For any components joined in a single series loop:

Build a series circuit

Here is a single loop: a battery at the bottom and two resistors, R_1 and R_2, sitting one after the other along the top. Drag the sliders to change the supply pd and each resistance, and watch all three rules work together.

Notice as you play: the current I printed at the left and right of the loop is always the same number — that's Rule 1. The two pd readings V_1 and V_2 always add up to the supply — that's Rule 2. And the total resistance in the middle is just R_1 + R_2 — that's Rule 3. Crank up a resistance and see the shared current fall for the whole loop.

Worked example: total resistance, current, and each pd

A 12\ \text{V} battery is connected in series with two resistors, R_1 = 4\ \Omega and R_2 = 6\ \Omega. Find the total resistance, the current in the circuit, and the pd across each resistor.

Step 1 — total resistance (Rule 3, just add).

R_\text{total} = R_1 + R_2 = 4 + 6 = 10\ \Omega.

Step 2 — the current (same everywhere, from I = V / R_\text{total}).

I = \frac{V_\text{supply}}{R_\text{total}} = \frac{12}{10} = 1.2\ \text{A}.

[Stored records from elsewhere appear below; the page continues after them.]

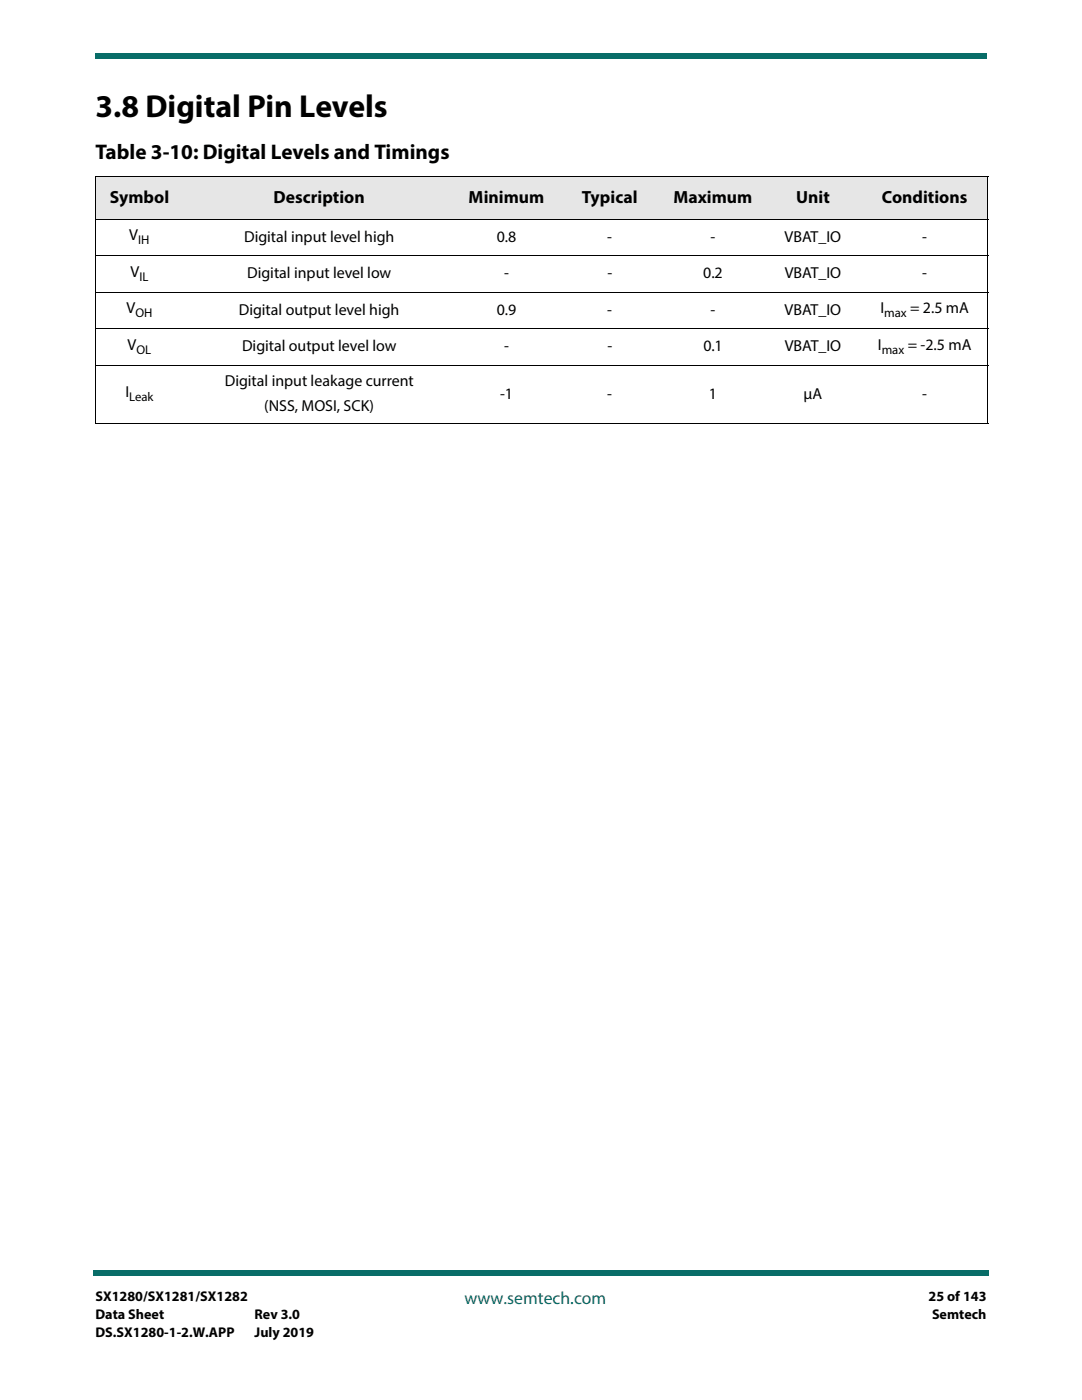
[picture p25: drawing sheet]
<svg xmlns="http://www.w3.org/2000/svg" width="216mm" height="279mm" viewBox="0 0 216 279" stroke-linecap="round" stroke-linejoin="round" font-family="sans-serif">
<defs><g id="words">
<text font-size="6.3" x="19" y="23.3">3.8 Digital Pin Levels</text>
<text font-size="4.2" x="19" y="31.8">Table 3-10: Digital Levels and Timings</text>
<g font-size="3.5">
<text x="21.9" y="40.4">Symbol</text>
<text x="54.6" y="40.4">Description</text>
<text x="93.5" y="40.4">Minimum</text>
<text x="116.1" y="40.4">Typical</text>
<text x="134.4" y="40.4">Maximum</text>
<text x="158.9" y="40.4">Unit</text>
<text x="176" y="40.4">Conditions</text>
</g>
<text font-size="3.5" fill="#086d68" x="92.7" y="260.2">www.semtech.com</text>
<g font-size="3.2">
<text x="25.8" y="48">V</text>
<text x="48.7" y="48.3">Digital input level high</text>
<text x="99.1" y="48.3">0.8</text>
<text x="121.2" y="48.3">-</text>
<text x="141.8" y="48.3">-</text>
<text x="156.6" y="48.3">VBAT_IO</text>
<text x="184" y="48.3">-</text>
<text x="26" y="55.3">V</text>
<text x="49.3" y="55.5">Digital input level low</text>
<text x="100.6" y="55.5">-</text>
<text x="121.2" y="55.5">-</text>
<text x="140.3" y="55.5">0.2</text>
<text x="156.6" y="55.5">VBAT_IO</text>
<text x="184" y="55.5">-</text>
<text x="25.2" y="62.5">V</text>
<text x="47.7" y="62.8">Digital output level high</text>
<text x="99.1" y="62.8">0.9</text>
<text x="121.2" y="62.8">-</text>
<text x="141.8" y="62.8">-</text>
<text x="156.6" y="62.8">VBAT_IO</text>
<text x="175.7" y="62.5">I</text>
<text x="181.6" y="62.5">= 2.5 mA</text>
<text x="25.5" y="69.8">V</text>
<text x="48.3" y="70.1">Digital output level low</text>
<text x="100.6" y="70.1">-</text>
<text x="121.2" y="70.1">-</text>
<text x="140.3" y="70.1">0.1</text>
<text x="156.6" y="70.1">VBAT_IO</text>
<text x="175.2" y="69.8">I</text>
<text x="181.1" y="69.8">= -2.5 mA</text>
<text x="44.9" y="77.1">Digital input leakage current</text>
<text x="25" y="79.3">I</text>
<text x="52.7" y="82.1">(NSS, MOSI, SCK)</text>
<text x="99.8" y="79.6">-1</text>
<text x="121.2" y="79.6">-</text>
<text x="141.5" y="79.6">1</text>
<text x="160.4" y="79.6">μA</text>
<text x="184" y="79.6">-</text>
</g>
<g font-size="2.8">
<text x="19" y="259.7">SX1280/SX1281/SX1282</text>
<text x="19" y="263.2">Data Sheet</text>
<text x="50.8" y="263.2">Rev 3.0</text>
<text x="185.3" y="259.7">25 of 143</text>
<text x="186" y="263.2">Semtech</text>
<text x="19" y="266.7">DS.SX1280-1-2.W.APP</text>
<text x="50.8" y="266.7">July 2019</text>
</g>
<g font-size="2.5">
<text x="27.6" y="48.8">IH</text>
<text x="27.8" y="56">IL</text>
<text x="27" y="63.3">OH</text>
<text x="176.4" y="63.3">max</text>
<text x="27.2" y="70.6">OL</text>
<text x="176" y="70.6">max</text>
<text x="25.8" y="80.1">Leak</text>
</g>
</g></defs>
<g fill="#086d68">
<path d="M18.5 253.5h.5v1h-.5z"/>
<path d="M19 253.5h178.4v1h-178.4z"/>
</g>
<path d="M19 6.4h177.8v9.5h-177.8z" fill="#fff"/>
<g fill="#086d68">
<path d="M19 10.6v1z"/>
<path d="M19 10.6h177.8v1h-177.8z"/>
</g>
<g fill="#e6e6e6">
<path d="M19 35.3h17.6v8.4h-17.6z"/>
<path d="M36.6 35.3h54.2v8.4h-54.2z"/>
<path d="M90.8 35.3h20.6v8.4h-20.6z"/>
<path d="M111.4 35.3h20.6v8.4h-20.6z"/>
<path d="M132 35.3h20.5v8.4h-20.5z"/>
<path d="M152.5 35.3h19.4v8.4h-19.4z"/>
<path d="M171.9 35.3h25.2v8.4h-25.2z"/>
</g>
<path d="M19 35.3h178.2M19 35.4v49M197.1 35.4v49M19 43.7h178.2M19 51h178.2M19 58.3h178.2M19 65.6h178.2M19 72.9h178.2M19 84.5h178.2" fill="none" stroke="#000" stroke-width=".2"/>
<use href="#words"/>
</svg>

This 1.2\ \text{A} flows through both resistors — the current is the same all round the loop.

Step 3 — the pd across each resistor (use V = IR on each, with the shared current).

V_1 = I R_1 = 1.2 \times 4 = 4.8\ \text{V}, \qquad V_2 = I R_2 = 1.2 \times 6 = 7.2\ \text{V}.

Step 4 — check Rule 2. The two pds should add up to the supply:

V_1 + V_2 = 4.8 + 7.2 = 12\ \text{V}. \;\checkmark

Perfect — the whole push is accounted for. Notice the bigger resistor (R_2 = 6\ \Omega) took the bigger share of the voltage (7.2\ \text{V}). The share of voltage follows the share of resistance.

Worked example: adding a bulb dims them all

Start with a 6\ \text{V} battery and a single bulb of resistance 3\ \Omega. The current is

I = \frac{6}{3} = 2\ \text{A}.

Now add a second identical 3\ \Omega bulb in series. The total resistance is now R_\text{total} = 3 + 3 = 6\ \Omega, so

I = \frac{6}{6} = 1\ \text{A}.

The current has halved — from 2\ \text{A} down to 1\ \text{A} — even though the battery is unchanged. Less current through each bulb means each one glows more dimly. That is the price of a series circuit: the more you add, the dimmer they all become, because they must share the same choked-down current.

The classic Christmas-light nightmare comes straight from Rule 1. Old strings were one long series loop: forty bulbs threaded on a single circle of wire. If one bulb's filament burnt through, it broke the only loop — and, because the current must be the same everywhere and now there is nowhere for it to flow, every bulb went dark at once. Then came the misery of testing bulbs one by one to find the single culprit.

Two clever fixes tamed this. Some bulbs contain a tiny "shunt" that closes the gap when a filament blows, keeping the loop alive (the rest just glow a touch brighter). And most modern lights are wired so each bulb sits on its own branch — a parallel arrangement — so one dud no longer takes the whole string with it. The physics didn't change; the wiring did.